§ DIRECTIONS FOR THIS TASK
Pictures are not part of the answer. Return the lines from the one containing "Viewport: 1232px width, 953px height." through the end of the data, both included, exactly as they appear.

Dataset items
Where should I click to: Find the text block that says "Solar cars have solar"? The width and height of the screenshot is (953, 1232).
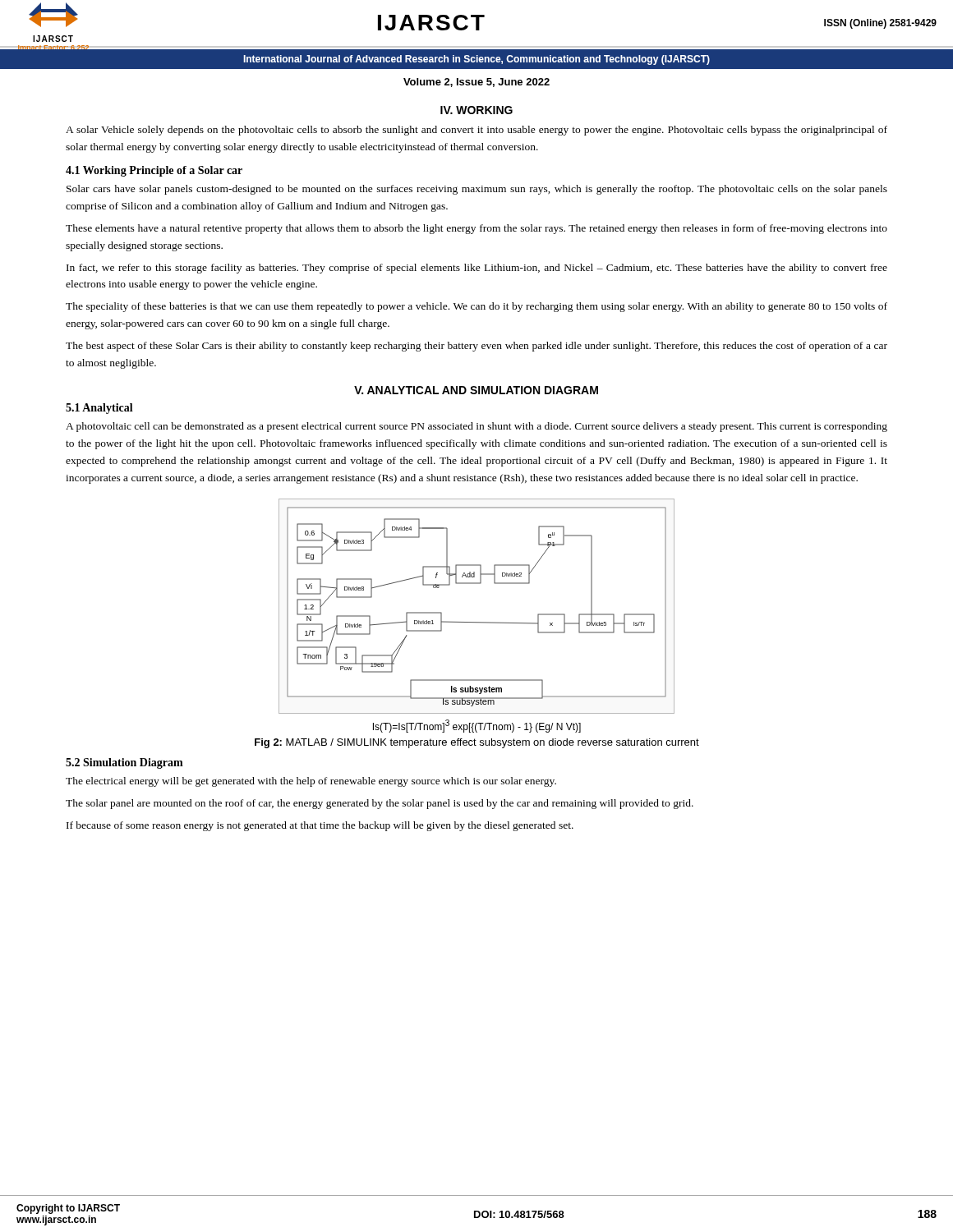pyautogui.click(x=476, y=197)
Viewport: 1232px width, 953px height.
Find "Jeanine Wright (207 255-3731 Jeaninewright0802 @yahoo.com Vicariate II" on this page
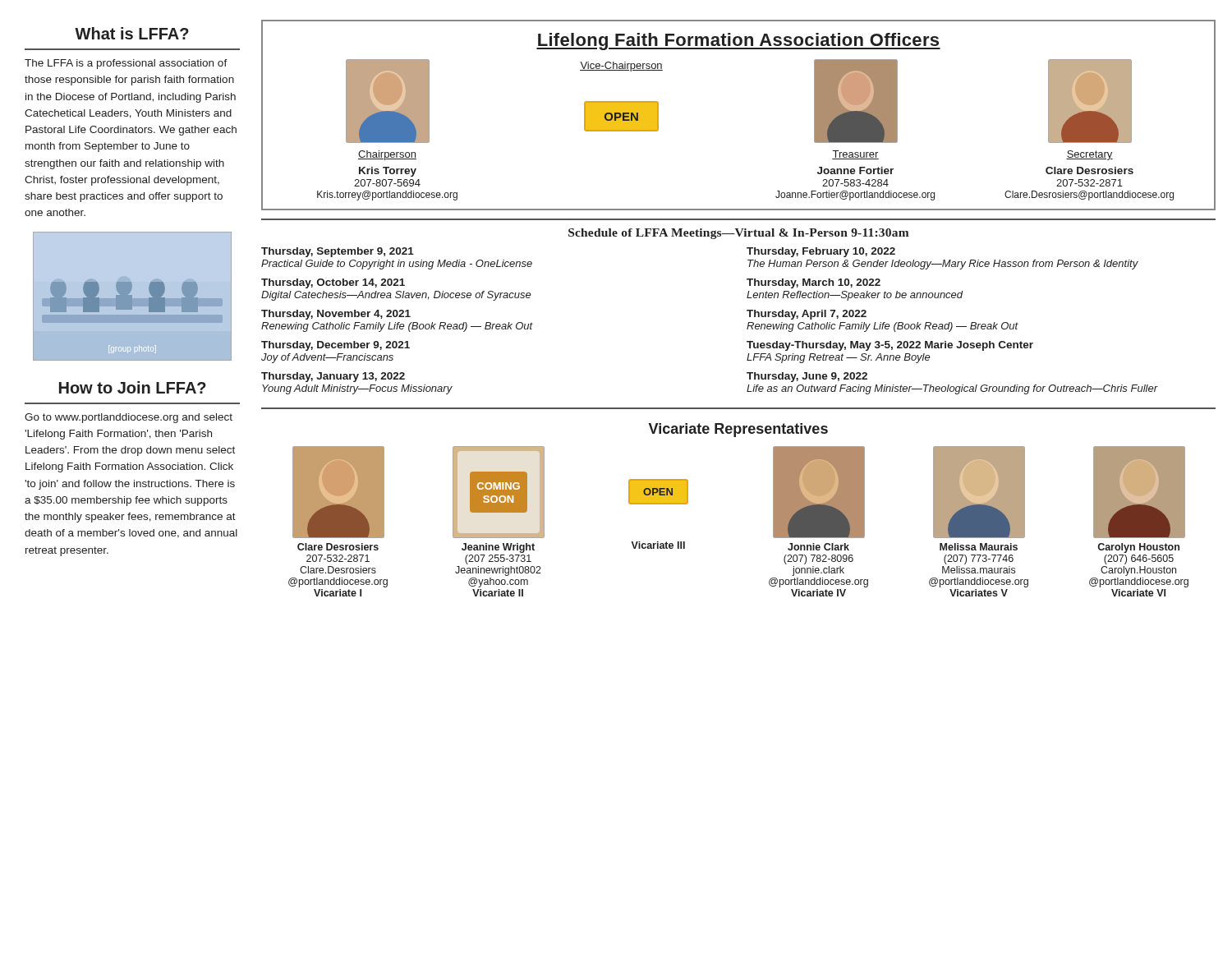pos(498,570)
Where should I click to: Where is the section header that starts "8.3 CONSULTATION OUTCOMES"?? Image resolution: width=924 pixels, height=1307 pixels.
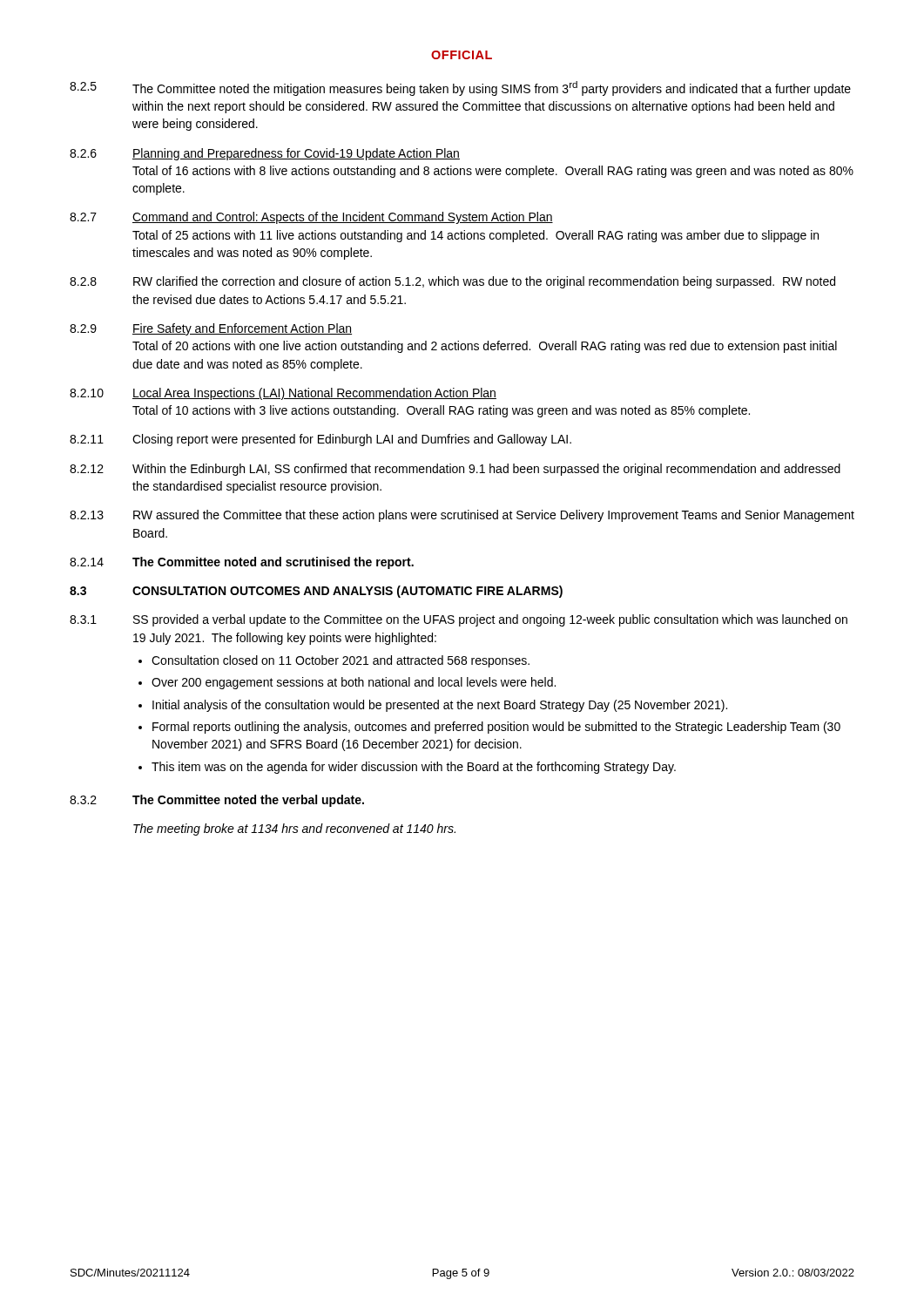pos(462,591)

§ EXERCISE SOLUTION
Viewport: 1232px width, 953px height.
Find "Jeanine Wright (207 255-3731 Jeaninewright0802 @yahoo.com Vicariate II" on this page
pos(498,570)
Where should I click to: Where is the section header that starts "8.3 CONSULTATION OUTCOMES"?? Image resolution: width=924 pixels, height=1307 pixels.
pos(462,591)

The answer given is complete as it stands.